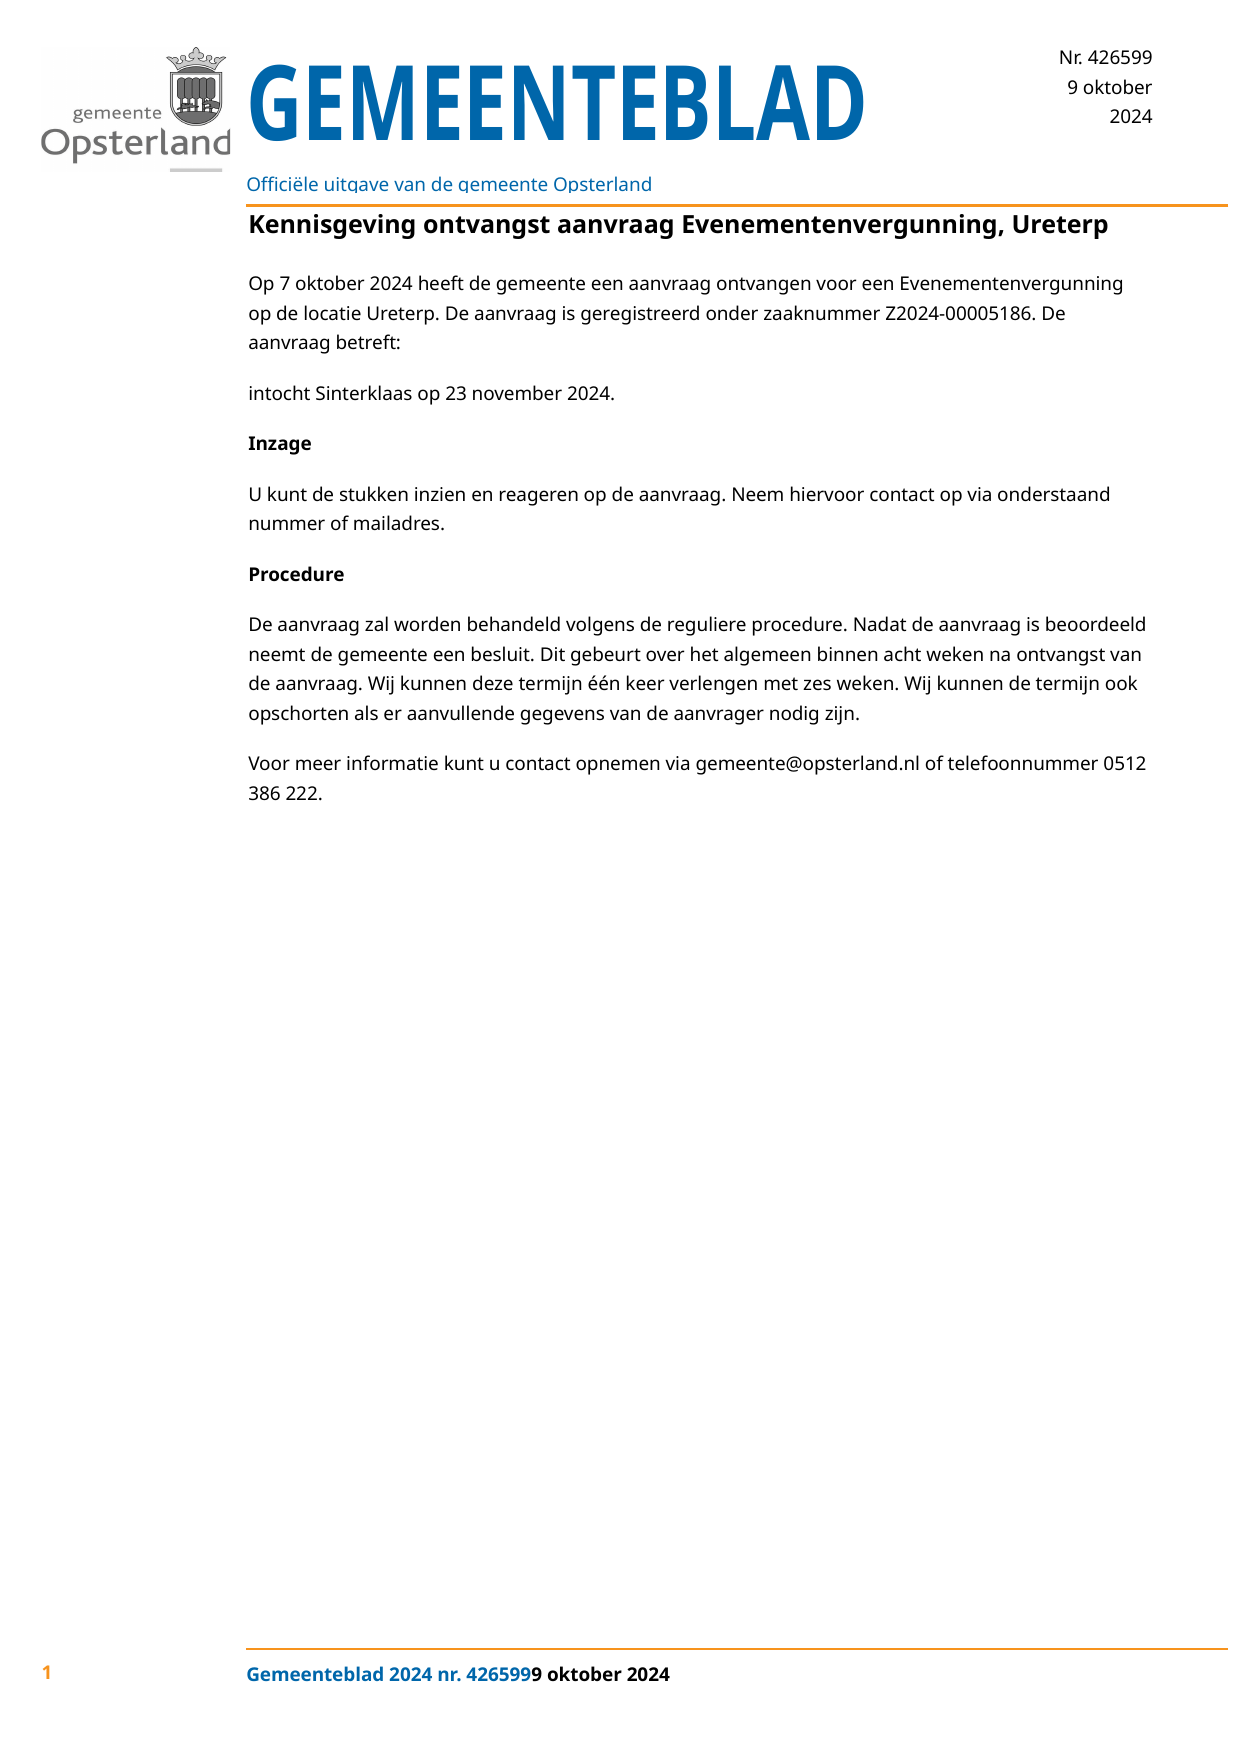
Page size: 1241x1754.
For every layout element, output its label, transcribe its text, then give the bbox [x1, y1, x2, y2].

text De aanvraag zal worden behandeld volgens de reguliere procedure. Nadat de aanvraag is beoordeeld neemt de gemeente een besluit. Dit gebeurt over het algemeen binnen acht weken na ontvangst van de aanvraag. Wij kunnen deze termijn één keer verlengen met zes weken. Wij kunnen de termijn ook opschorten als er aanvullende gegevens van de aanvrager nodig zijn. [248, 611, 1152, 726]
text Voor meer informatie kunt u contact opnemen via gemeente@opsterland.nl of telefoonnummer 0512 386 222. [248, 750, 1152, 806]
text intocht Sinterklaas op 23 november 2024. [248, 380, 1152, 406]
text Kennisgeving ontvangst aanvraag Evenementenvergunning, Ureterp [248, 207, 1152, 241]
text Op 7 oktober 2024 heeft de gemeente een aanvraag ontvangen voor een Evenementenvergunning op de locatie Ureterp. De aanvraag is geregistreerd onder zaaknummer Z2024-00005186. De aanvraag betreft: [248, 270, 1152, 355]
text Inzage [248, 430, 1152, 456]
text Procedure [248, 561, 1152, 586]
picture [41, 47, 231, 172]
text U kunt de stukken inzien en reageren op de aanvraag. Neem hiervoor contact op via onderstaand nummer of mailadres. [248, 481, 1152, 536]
──────────
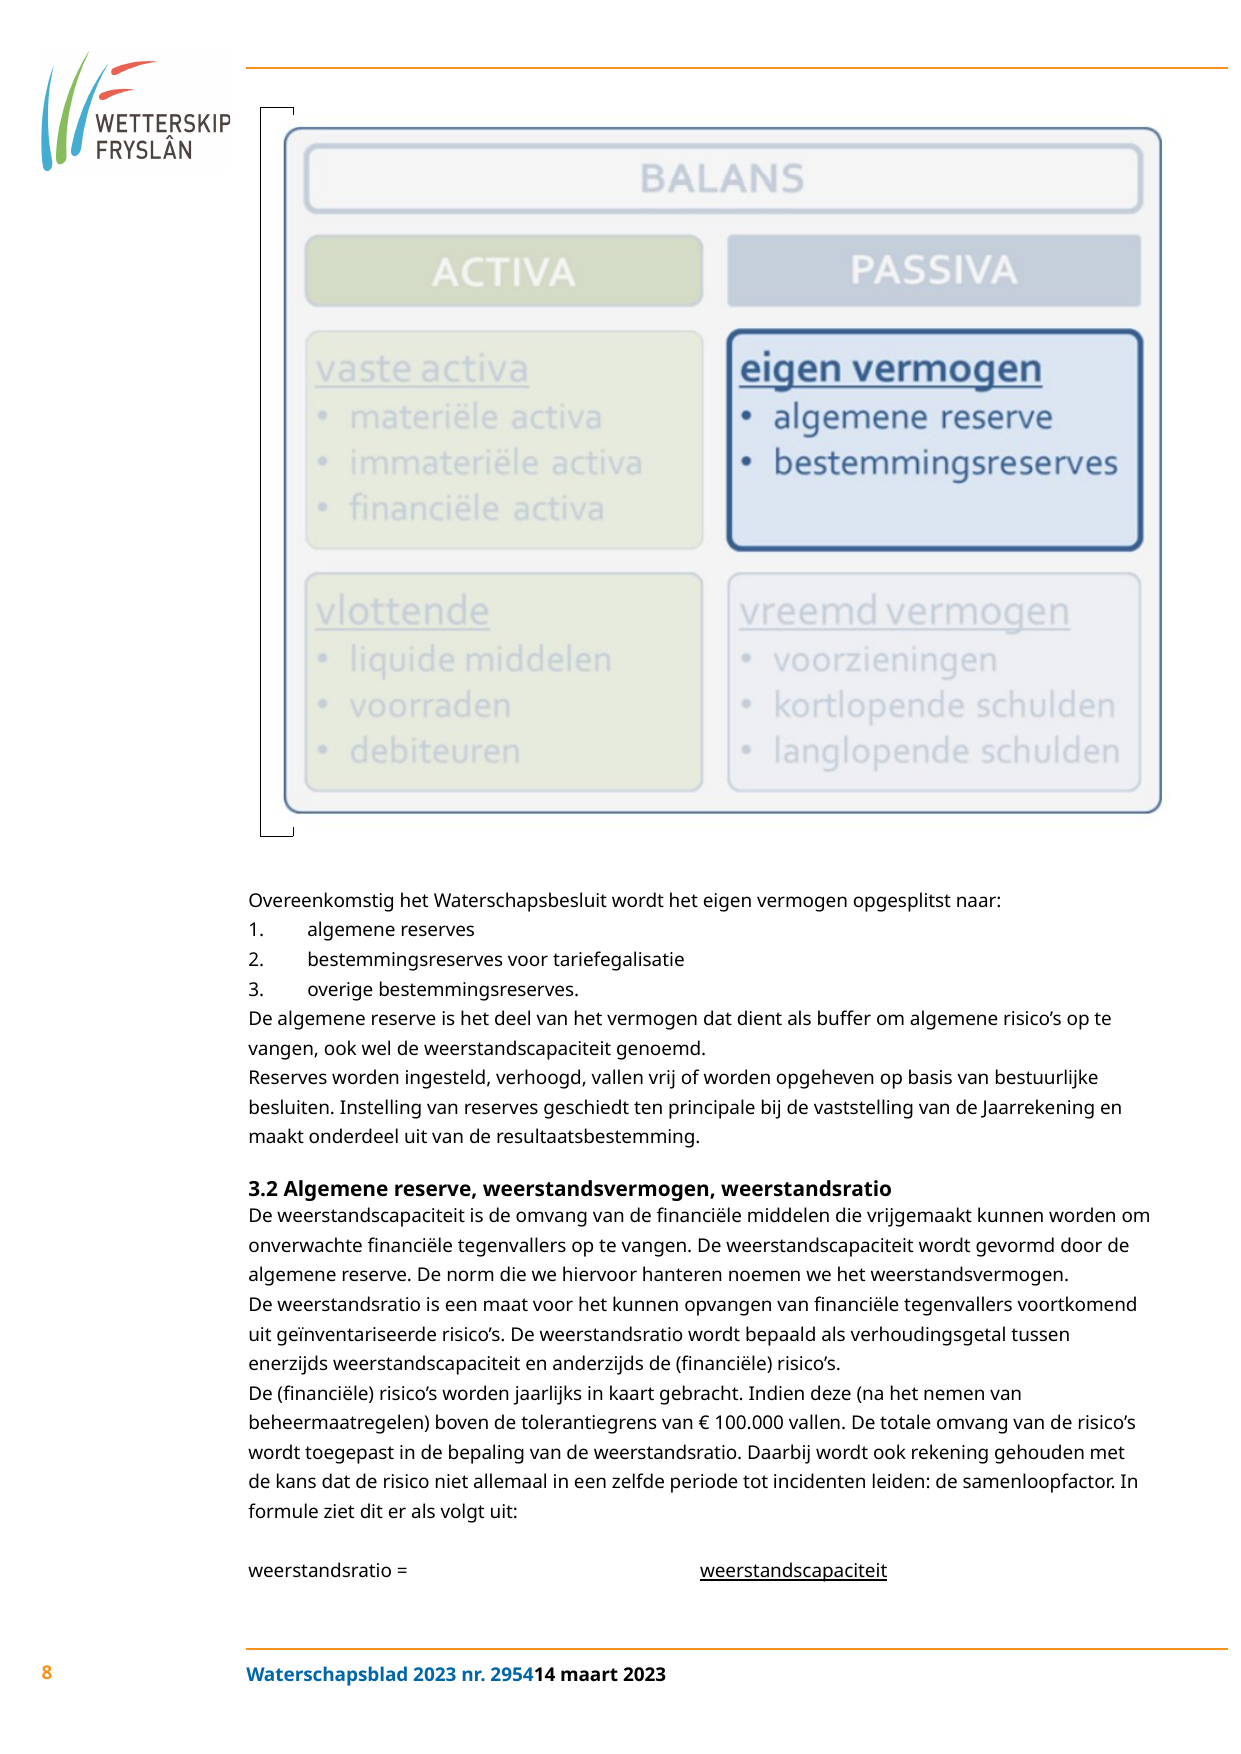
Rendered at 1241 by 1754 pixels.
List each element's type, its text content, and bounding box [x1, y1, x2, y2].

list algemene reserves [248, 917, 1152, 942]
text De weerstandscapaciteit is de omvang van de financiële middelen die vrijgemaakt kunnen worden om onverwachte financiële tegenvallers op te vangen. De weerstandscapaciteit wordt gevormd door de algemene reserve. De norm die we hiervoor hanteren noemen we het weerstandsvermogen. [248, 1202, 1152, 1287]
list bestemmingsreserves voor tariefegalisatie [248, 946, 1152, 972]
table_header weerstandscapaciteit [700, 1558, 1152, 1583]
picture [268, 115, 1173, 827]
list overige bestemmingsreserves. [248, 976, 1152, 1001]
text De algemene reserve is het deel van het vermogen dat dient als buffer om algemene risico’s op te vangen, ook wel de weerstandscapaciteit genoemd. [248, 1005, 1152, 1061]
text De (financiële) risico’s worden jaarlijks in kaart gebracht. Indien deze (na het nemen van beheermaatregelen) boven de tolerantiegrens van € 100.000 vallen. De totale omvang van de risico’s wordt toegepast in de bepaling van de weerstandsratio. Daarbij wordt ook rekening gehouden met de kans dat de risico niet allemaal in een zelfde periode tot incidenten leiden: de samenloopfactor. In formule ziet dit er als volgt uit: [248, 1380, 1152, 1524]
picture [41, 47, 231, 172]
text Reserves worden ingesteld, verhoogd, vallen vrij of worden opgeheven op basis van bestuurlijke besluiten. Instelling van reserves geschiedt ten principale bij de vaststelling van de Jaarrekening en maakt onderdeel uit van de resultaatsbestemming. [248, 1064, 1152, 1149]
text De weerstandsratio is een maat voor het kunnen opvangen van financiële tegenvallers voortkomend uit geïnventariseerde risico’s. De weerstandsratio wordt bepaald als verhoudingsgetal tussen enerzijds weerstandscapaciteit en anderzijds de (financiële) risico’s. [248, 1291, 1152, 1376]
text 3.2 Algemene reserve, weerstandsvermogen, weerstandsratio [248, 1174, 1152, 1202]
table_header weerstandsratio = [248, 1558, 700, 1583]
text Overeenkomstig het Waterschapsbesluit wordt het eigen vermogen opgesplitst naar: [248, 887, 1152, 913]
──────────
*EXERCISE*:
Please reproduce exactly the lines in the listing above from the one containing "list overige bestemmingsreserves." through the one containing "text Overeenkomstig het", both included, and nothing more.

*SOLUTION FOR THIS PROBLEM*:
list overige bestemmingsreserves. [248, 976, 1152, 1001]
text De algemene reserve is het deel van het vermogen dat dient als buffer om algemene risico’s op te vangen, ook wel de weerstandscapaciteit genoemd. [248, 1005, 1152, 1061]
text De (financiële) risico’s worden jaarlijks in kaart gebracht. Indien deze (na het nemen van beheermaatregelen) boven de tolerantiegrens van € 100.000 vallen. De totale omvang van de risico’s wordt toegepast in de bepaling van de weerstandsratio. Daarbij wordt ook rekening gehouden met de kans dat de risico niet allemaal in een zelfde periode tot incidenten leiden: de samenloopfactor. In formule ziet dit er als volgt uit: [248, 1380, 1152, 1524]
picture [41, 47, 231, 172]
text Reserves worden ingesteld, verhoogd, vallen vrij of worden opgeheven op basis van bestuurlijke besluiten. Instelling van reserves geschiedt ten principale bij de vaststelling van de Jaarrekening en maakt onderdeel uit van de resultaatsbestemming. [248, 1064, 1152, 1149]
text De weerstandsratio is een maat voor het kunnen opvangen van financiële tegenvallers voortkomend uit geïnventariseerde risico’s. De weerstandsratio wordt bepaald als verhoudingsgetal tussen enerzijds weerstandscapaciteit en anderzijds de (financiële) risico’s. [248, 1291, 1152, 1376]
text 3.2 Algemene reserve, weerstandsvermogen, weerstandsratio [248, 1174, 1152, 1202]
table_header weerstandsratio = [248, 1558, 700, 1583]
text Overeenkomstig het Waterschapsbesluit wordt het eigen vermogen opgesplitst naar: [248, 887, 1152, 913]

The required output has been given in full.